Gradual return: 61% of U.S. employees have returned to the office full-time in the wake of the COVID-19 pandemic, especially as federal and corporate return-to-office (RTO) mandates become more prevalent.
Source: Mitel
Online all the time: 17.7% of employees said not being able to unplug after the workday is a constant struggle when working from home.
Source: We Work Remotely
Uncertain outlook: 41% of employees say their employers’ policies about when and where people work are not equally applied throughout the company.
Source: Owl Labs
Shifting priorities: 40% of workers would accept at least a 5% pay cut to retain remote work options, while 9% would sacrifice 20% or more of their salaries.
Source: Harvard Business School
Who works remotely
Remote work isn’t going anywhere. What started as a desperate response to lockdowns has become the new foundation of how we work. The emergency is over, but the changes stuck. Companies that thought they’d “get back to normal” are realizing this IS normal now—and they need to figure out how to make it work long-term.
But here’s what nobody talks about enough: remote work isn’t one-size-fits-all. Parents with young kids? They’ll fight to keep their home office—no more missing bedtime for a commute. New grads trying to learn the ropes? They’re asking to come into the office because Zoom calls don’t teach you how to read a room or build a network. Everyone wants flexibility, but they want different kinds of it.
The numbers tell the real story: 40% of job postings worldwide now offer remote or hybrid options. We’re not just talking about tech companies and startups anymore. Banks are doing it. Hospitals are doing it. Even logistics companies—industries you’d never expect—are finding ways to make remote work happen. When nearly half of all jobs offer flexibility, it’s not a perk anymore. It’s table stakes.
Source: Robert Half
Persistent adoption: Despite RTO mandates, 22% of U.S. workers (32.6 million people) remain remote, reflecting a 5x increase from pre-pandemic levels.
Source: Neat
Global flexibility: 83% of employees now view hybrid models as ideal, offering autonomy while preserving collaboration.
Source: Neat
Parents prioritize flexibility: 77% of working mothers say hybrid work is one of the most important factors when considering a job, with 74% prioritizing remote work.
Source: BankRate
Caregiving influences flexible work preferences: Two-thirds of family caregivers struggle to balance their jobs with caregiving duties.

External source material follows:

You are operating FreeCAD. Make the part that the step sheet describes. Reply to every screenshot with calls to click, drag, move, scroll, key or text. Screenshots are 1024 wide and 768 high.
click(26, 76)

In turn, 45% of working caregivers now have access to flexible hours (up from 32% in 2020).
Source: AARP
Early career professionals value in-office time: Gen Z increasingly views offices as skill-building hubs rather than mere workspaces, with 91% valuing in-person collaboration for professional growth.
Source: Freeman
Industry variations in remote work: Technology (26% hybrid, 17% remote), marketing and creative (27% hybrid, 15% remote), and finance and accounting (27% hybrid, 11% remote) have the highest rates of flexible work arrangements.
Source: FlexJobs
Gender differences in remote work: Women are slightly more likely to prefer fully remote work (58%) compared to men (42%) who want to work from home full time.
Source: FlexJobs
Remote work trends
The home office reality looks different for everyone. Some people converted that spare bedroom and never looked back. Others packed up their overpriced city apartments and bought actual houses in places they could never afford before. The executive who used to demand face time? She’s running meetings from her kitchen table in Vermont. The developer who lived in San Francisco because he had to? He’s coding from Costa Rica now.

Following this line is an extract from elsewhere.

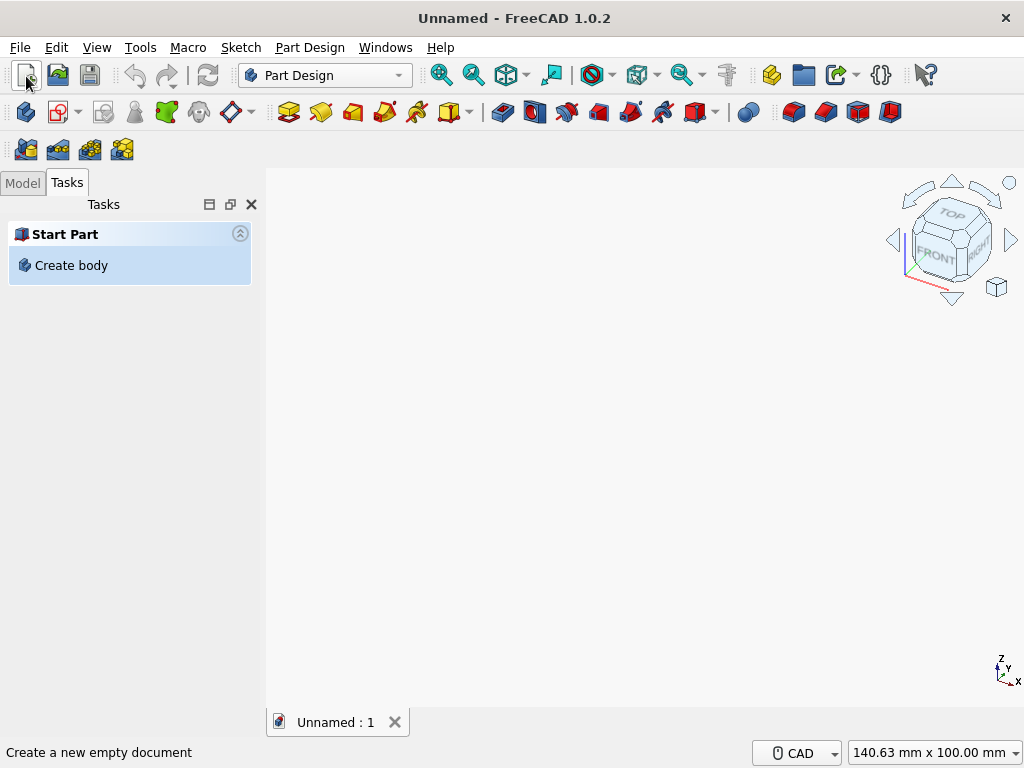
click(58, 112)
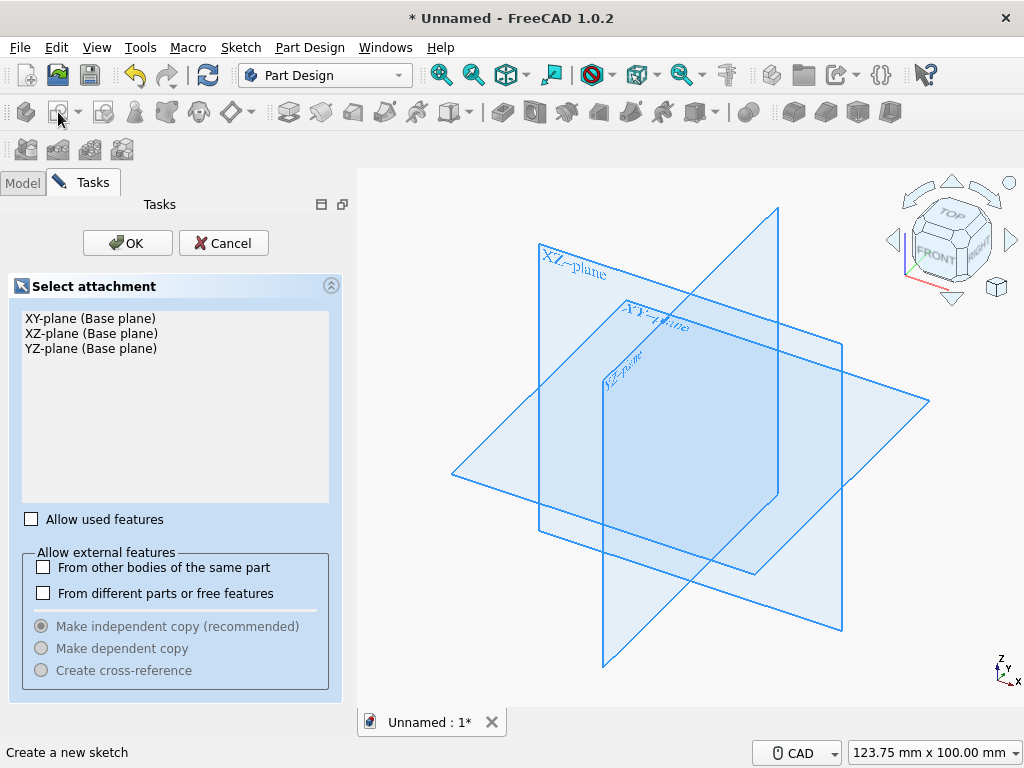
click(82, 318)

But let’s cut through the noise: people aren’t just tolerating remote work—they’re thriving in it. Fifty-one percent say they’re more creative at home, and nearly half report better focus when they’re not dealing with drive-by desk visits and open office chaos. Turns out, those “water cooler conversations” everyone worried about losing weren’t as valuable as the deep work time people gained. Who knew that removing a two-hour commute and constant interruptions would help people think better?
Source: ActivTrak
20% of remote workers plan to relocate this year (2025), driven by lifestyle, cost, and housing needs.
Source: Howdy
32% of remote workers report changed housing needs with their work arrangement, with 24% prioritizing home offices or quiet spaces.
Source: Howdy
67% of employees encounter distractions during remote meetings, while 72% of workers report delays or issues with video conferencing technology.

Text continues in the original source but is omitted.